* Task brief
Check each line of the records below and collect those that include the word "dxfattribs".

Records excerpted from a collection
_ _ _ _ _
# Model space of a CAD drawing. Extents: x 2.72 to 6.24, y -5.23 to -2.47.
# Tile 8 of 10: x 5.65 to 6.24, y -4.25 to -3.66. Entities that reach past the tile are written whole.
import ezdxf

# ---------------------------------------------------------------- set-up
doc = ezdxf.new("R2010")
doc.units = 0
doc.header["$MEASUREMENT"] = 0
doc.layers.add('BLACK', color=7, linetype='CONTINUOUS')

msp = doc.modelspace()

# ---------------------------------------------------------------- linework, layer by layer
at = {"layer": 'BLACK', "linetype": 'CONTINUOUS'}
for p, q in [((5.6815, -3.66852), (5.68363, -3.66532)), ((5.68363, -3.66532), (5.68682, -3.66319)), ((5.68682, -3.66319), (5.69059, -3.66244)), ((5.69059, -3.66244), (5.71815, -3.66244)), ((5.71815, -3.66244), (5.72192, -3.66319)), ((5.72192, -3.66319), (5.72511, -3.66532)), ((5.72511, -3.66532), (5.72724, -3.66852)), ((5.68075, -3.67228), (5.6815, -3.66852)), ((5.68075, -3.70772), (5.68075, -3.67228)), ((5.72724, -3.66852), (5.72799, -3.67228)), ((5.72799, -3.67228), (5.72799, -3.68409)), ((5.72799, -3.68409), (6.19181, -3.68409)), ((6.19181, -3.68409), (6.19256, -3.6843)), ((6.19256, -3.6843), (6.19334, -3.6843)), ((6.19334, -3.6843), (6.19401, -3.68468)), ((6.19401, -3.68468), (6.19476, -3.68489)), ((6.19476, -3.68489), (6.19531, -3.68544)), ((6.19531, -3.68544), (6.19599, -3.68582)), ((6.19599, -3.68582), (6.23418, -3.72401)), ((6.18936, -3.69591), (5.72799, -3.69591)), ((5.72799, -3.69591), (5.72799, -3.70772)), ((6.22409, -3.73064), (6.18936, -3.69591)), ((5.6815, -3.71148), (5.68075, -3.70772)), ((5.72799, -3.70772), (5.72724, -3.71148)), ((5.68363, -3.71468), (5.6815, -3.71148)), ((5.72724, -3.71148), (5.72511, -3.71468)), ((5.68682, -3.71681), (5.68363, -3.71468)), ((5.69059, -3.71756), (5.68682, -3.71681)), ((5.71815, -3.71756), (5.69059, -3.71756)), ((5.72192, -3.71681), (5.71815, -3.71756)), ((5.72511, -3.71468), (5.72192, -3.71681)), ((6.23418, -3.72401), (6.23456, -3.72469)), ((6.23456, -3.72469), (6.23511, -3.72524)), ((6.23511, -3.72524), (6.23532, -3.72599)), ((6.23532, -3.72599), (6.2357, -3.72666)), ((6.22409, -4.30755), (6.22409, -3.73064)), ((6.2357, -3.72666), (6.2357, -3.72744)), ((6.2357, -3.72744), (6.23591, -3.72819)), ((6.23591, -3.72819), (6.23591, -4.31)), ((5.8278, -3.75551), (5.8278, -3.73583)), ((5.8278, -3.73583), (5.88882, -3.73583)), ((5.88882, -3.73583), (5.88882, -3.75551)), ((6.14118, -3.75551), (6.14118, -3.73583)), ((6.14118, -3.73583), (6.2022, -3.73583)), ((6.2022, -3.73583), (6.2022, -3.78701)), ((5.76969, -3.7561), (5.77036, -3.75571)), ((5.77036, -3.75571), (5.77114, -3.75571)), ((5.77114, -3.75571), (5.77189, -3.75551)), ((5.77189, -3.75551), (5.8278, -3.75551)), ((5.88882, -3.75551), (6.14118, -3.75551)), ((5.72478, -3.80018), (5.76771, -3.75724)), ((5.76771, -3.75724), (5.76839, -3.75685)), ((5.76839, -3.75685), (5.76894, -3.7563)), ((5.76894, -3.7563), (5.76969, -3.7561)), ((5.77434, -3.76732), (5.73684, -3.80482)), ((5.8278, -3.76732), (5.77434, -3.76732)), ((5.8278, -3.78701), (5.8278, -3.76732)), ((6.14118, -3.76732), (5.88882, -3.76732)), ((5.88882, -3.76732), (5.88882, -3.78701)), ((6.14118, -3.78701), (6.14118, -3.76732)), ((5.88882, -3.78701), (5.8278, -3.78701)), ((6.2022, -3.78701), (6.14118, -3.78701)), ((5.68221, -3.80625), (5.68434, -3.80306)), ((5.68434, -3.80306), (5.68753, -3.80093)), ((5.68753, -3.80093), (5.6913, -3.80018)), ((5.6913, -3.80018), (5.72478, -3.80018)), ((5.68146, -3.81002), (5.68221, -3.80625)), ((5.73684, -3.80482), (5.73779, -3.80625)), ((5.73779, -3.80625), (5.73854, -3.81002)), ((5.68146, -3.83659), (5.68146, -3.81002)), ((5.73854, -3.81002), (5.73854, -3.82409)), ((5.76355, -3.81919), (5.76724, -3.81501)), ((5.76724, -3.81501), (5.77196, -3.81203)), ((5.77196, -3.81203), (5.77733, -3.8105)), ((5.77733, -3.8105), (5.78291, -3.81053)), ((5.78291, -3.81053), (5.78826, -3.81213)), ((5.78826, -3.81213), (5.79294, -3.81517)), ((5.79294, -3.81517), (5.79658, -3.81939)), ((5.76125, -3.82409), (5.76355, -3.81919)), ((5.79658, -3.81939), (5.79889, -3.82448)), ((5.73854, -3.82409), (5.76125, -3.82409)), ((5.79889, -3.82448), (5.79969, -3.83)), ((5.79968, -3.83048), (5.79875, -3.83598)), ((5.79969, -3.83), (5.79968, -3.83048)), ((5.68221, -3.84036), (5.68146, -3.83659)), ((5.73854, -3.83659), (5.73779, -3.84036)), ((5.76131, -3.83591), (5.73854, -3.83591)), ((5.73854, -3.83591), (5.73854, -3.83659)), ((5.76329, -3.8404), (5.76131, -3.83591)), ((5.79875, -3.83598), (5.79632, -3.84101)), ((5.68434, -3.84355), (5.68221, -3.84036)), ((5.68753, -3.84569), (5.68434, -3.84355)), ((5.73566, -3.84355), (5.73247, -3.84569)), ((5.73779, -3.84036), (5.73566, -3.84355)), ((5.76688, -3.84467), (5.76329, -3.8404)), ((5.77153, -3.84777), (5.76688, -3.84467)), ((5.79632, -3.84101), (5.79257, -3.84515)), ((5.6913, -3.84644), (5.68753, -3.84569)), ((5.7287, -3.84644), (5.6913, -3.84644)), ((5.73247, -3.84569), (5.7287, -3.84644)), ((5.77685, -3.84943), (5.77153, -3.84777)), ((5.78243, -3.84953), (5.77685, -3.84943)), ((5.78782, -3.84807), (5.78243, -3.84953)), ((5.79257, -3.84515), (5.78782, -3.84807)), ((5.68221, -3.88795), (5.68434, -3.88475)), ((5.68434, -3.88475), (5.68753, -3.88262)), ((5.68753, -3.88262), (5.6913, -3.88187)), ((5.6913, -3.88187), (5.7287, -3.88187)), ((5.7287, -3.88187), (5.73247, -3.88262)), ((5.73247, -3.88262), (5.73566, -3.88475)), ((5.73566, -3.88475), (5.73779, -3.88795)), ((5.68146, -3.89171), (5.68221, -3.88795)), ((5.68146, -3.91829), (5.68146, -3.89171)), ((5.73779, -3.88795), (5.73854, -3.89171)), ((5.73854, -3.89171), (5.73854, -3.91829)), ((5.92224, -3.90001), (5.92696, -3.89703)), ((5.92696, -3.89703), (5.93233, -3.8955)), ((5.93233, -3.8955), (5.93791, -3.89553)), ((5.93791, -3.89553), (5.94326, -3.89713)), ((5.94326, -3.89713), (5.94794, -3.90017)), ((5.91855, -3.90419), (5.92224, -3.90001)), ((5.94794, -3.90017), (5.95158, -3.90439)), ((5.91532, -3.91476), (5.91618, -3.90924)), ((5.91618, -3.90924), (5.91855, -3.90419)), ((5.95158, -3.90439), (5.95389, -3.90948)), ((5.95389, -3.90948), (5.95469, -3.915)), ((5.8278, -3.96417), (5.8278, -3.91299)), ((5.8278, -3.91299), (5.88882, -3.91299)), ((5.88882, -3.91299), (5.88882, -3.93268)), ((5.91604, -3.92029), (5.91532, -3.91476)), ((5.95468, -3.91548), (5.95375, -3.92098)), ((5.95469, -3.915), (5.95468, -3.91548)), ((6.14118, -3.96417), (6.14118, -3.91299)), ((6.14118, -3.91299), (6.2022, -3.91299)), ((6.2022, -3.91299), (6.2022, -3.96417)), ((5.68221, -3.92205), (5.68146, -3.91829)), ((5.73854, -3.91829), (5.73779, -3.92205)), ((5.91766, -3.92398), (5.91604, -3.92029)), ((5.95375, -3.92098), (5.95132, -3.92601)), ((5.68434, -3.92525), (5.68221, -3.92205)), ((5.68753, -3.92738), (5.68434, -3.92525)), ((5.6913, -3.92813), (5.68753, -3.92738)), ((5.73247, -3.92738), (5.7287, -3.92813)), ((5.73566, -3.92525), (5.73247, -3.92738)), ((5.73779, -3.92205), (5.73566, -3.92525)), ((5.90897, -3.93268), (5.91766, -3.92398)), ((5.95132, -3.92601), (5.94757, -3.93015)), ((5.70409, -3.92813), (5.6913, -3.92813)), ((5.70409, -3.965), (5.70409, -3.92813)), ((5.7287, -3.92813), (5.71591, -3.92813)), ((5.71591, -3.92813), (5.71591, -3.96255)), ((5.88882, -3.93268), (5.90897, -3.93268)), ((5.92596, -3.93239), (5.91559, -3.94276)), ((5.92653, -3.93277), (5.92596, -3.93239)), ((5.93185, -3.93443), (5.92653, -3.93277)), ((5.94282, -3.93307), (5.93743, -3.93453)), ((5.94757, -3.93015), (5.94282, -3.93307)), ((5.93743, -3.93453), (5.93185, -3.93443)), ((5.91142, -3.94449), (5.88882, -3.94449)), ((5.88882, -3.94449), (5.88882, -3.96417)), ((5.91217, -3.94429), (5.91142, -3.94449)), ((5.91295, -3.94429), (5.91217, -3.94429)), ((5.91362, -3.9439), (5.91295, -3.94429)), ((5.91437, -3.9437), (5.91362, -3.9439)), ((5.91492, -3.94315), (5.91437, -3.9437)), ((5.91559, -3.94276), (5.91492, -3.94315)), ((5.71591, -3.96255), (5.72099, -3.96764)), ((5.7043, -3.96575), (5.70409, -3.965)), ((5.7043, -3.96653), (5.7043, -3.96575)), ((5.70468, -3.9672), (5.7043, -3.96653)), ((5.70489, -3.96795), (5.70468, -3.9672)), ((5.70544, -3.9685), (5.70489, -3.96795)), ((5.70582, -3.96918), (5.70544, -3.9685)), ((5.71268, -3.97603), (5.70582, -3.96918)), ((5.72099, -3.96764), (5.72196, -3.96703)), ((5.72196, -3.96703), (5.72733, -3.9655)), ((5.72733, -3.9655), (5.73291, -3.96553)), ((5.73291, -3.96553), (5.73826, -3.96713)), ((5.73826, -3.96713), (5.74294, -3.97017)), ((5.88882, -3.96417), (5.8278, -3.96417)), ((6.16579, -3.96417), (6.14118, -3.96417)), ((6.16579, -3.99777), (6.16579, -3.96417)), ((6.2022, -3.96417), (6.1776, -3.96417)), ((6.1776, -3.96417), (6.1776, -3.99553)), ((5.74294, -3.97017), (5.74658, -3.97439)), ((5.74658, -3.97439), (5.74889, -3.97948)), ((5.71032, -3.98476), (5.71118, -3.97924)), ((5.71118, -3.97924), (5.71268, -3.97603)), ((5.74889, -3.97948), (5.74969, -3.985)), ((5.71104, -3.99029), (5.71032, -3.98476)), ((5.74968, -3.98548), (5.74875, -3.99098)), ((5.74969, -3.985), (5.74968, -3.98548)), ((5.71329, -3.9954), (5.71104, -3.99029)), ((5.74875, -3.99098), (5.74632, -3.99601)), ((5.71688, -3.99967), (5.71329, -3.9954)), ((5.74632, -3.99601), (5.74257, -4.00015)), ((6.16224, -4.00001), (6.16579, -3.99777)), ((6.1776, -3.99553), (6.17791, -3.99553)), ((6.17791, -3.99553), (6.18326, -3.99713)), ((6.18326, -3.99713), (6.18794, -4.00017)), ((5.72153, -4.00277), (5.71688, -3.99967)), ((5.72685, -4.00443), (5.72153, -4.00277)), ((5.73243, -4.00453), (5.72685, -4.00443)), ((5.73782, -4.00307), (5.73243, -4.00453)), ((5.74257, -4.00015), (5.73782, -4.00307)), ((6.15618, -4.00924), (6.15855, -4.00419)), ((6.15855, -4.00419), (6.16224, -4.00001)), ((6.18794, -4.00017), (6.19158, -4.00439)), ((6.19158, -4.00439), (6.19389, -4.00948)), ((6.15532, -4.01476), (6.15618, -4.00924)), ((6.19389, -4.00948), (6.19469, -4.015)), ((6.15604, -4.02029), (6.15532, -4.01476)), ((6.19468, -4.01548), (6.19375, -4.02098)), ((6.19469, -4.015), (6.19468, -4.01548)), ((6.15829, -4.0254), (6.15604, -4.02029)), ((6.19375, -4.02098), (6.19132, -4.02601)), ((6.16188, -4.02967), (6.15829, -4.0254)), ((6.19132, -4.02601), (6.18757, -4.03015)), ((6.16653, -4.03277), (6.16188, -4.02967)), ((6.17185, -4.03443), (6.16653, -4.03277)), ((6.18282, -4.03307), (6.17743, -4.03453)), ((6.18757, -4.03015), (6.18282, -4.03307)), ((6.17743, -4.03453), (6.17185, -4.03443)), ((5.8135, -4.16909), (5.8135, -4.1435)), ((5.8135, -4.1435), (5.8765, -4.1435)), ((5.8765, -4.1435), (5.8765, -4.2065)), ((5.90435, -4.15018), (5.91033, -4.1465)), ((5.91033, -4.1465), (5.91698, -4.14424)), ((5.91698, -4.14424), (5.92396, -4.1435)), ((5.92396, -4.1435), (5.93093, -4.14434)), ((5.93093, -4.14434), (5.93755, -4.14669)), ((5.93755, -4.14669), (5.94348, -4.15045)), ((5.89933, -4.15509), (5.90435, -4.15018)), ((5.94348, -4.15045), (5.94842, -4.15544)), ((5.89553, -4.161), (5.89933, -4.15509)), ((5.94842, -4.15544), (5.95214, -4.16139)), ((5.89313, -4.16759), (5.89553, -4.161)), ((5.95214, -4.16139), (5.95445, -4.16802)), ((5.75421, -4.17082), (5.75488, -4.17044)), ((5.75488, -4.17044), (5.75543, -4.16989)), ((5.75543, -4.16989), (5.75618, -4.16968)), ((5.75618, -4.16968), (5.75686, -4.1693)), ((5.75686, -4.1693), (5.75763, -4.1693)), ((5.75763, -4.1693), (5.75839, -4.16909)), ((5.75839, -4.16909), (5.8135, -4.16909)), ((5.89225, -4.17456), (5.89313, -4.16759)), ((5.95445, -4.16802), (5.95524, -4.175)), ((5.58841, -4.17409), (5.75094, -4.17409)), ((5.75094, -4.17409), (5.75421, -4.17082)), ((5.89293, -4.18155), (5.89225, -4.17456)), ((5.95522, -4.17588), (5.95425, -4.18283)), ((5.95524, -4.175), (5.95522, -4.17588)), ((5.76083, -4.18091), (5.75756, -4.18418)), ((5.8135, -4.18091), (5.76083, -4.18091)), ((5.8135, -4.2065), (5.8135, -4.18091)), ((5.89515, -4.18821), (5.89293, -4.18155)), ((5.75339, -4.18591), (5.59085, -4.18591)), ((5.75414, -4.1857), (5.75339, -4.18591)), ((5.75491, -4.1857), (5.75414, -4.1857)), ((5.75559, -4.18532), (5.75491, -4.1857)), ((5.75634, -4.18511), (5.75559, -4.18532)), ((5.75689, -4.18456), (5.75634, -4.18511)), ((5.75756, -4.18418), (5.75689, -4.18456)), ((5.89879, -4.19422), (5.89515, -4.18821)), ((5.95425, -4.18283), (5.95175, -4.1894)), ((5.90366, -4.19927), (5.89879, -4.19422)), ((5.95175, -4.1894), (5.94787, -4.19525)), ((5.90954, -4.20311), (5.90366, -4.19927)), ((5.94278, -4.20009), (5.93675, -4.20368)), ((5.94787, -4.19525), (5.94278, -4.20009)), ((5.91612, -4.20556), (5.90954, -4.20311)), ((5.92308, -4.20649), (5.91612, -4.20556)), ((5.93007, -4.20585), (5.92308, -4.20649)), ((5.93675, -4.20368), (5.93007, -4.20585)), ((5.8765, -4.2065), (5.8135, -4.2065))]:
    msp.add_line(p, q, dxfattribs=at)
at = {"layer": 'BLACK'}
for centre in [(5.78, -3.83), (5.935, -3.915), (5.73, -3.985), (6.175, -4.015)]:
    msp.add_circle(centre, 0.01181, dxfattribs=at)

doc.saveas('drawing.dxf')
_ _ _ _ _
* Completed exercise
    msp.add_line(p, q, dxfattribs=at)
    msp.add_circle(centre, 0.01181, dxfattribs=at)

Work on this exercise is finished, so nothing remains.